_Task objective_:
Go to the line with "#1 round machined" in the records below, then output it and each following line exactly, up to and including the line with "5) small metal". Skip pictures and add nothing.

_Provided data_:

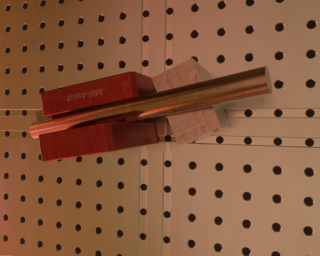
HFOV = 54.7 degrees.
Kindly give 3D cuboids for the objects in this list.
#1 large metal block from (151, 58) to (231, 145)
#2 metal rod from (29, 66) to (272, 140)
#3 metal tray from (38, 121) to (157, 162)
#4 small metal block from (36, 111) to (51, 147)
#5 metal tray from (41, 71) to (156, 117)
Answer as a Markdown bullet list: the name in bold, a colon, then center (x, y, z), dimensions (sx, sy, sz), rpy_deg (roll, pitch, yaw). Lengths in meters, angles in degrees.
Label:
- **large metal block**: center (0.040, -0.028, 0.367), dimensions (0.050, 0.080, 0.080), rpy_deg (-24, 82, 18)
- **metal rod**: center (-0.034, -0.019, 0.343), dimensions (0.300, 0.025, 0.025), rpy_deg (-10, 87, 28)
- **metal tray**: center (-0.069, 0.015, 0.380), dimensions (0.090, 0.130, 0.030), rpy_deg (-10, 87, 19)
- **small metal block**: center (-0.150, 0.000, 0.450), dimensions (0.025, 0.050, 0.050), rpy_deg (-9, 87, 19)
- **metal tray**: center (-0.072, -0.039, 0.401), dimensions (0.130, 0.090, 0.030), rpy_deg (-9, 88, 19)
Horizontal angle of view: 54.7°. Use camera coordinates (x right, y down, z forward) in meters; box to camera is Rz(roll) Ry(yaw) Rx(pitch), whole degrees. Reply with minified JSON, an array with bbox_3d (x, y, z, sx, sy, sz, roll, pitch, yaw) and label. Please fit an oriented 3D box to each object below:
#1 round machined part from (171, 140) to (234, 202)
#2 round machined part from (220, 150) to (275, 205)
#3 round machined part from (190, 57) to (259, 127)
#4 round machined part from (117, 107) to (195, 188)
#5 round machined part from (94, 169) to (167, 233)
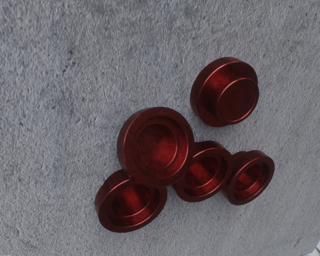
[{"bbox_3d":[0.058,0.060,0.464,0.099,0.042,0.097,-14,124,-21],"label":"round machined part"},{"bbox_3d":[0.139,0.078,0.517,0.099,0.042,0.097,-16,126,-24],"label":"round machined part"},{"bbox_3d":[0.094,-0.043,0.420,0.099,0.042,0.097,-14,124,-21],"label":"round machined part"},{"bbox_3d":[-0.008,0.023,0.388,0.099,0.042,0.097,-1,91,-30],"label":"round machined part"},{"bbox_3d":[-0.043,0.094,0.431,0.099,0.042,0.097,-14,124,-21],"label":"round machined part"}]
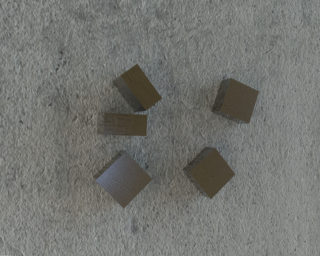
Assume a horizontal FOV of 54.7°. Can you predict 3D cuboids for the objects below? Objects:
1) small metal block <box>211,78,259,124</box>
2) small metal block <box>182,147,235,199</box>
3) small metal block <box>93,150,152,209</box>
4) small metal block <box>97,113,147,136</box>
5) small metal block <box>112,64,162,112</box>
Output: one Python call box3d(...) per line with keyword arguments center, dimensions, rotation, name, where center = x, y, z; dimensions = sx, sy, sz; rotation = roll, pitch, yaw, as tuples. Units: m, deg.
box3d(center=(0.109, -0.038, 0.449), dimensions=(0.050, 0.025, 0.050), rotation=(21, 83, -19), name="small metal block")
box3d(center=(0.068, 0.062, 0.434), dimensions=(0.050, 0.025, 0.050), rotation=(-42, 103, -15), name="small metal block")
box3d(center=(-0.047, 0.064, 0.392), dimensions=(0.050, 0.025, 0.050), rotation=(-45, 104, -15), name="small metal block")
box3d(center=(-0.047, -0.004, 0.378), dimensions=(0.050, 0.050, 0.025), rotation=(2, 90, -20), name="small metal block")
box3d(center=(-0.030, -0.048, 0.384), dimensions=(0.025, 0.050, 0.050), rotation=(-40, 103, -15), name="small metal block")
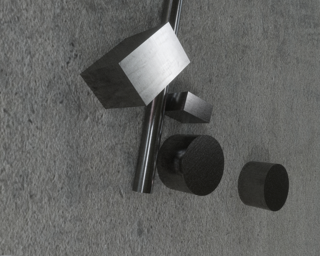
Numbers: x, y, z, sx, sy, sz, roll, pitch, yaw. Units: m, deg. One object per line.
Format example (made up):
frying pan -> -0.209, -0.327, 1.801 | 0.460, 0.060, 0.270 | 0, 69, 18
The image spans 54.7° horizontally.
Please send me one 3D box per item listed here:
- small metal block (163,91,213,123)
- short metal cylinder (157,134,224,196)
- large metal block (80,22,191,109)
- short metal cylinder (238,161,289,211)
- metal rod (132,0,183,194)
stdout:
small metal block -> 0.034, -0.026, 0.417 | 0.050, 0.050, 0.025 | 23, 75, -38
short metal cylinder -> 0.043, 0.049, 0.424 | 0.081, 0.050, 0.080 | 0, 90, -40
large metal block -> -0.028, -0.067, 0.345 | 0.080, 0.080, 0.050 | -48, 119, -29
short metal cylinder -> 0.181, 0.100, 0.540 | 0.081, 0.050, 0.080 | 0, 90, -40
metal rod -> 0.002, -0.067, 0.405 | 0.025, 0.025, 0.299 | 15, 80, -39
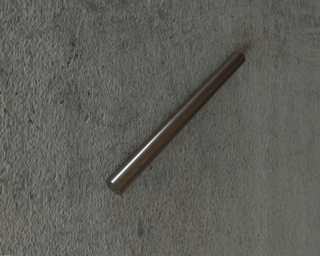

_Exercise response_:
#1 round machined part from (171, 140) to (234, 202)
#2 round machined part from (220, 150) to (275, 205)
#3 round machined part from (190, 57) to (259, 127)
#4 round machined part from (117, 107) to (195, 188)
#5 round machined part from (94, 169) to (167, 233)
[{"bbox_3d":[0.058,0.060,0.464,0.099,0.042,0.097,-14,124,-21],"label":"round machined part"},{"bbox_3d":[0.139,0.078,0.517,0.099,0.042,0.097,-16,126,-24],"label":"round machined part"},{"bbox_3d":[0.094,-0.043,0.420,0.099,0.042,0.097,-14,124,-21],"label":"round machined part"},{"bbox_3d":[-0.008,0.023,0.388,0.099,0.042,0.097,-1,91,-30],"label":"round machined part"},{"bbox_3d":[-0.043,0.094,0.431,0.099,0.042,0.097,-14,124,-21],"label":"round machined part"}]
Assume a horizontal FOV of 54.7°. Can you predict 3D cuboids for the objects below? Objects:
1) small metal block <box>211,78,259,124</box>
2) small metal block <box>182,147,235,199</box>
3) small metal block <box>93,150,152,209</box>
4) small metal block <box>97,113,147,136</box>
5) small metal block <box>112,64,162,112</box>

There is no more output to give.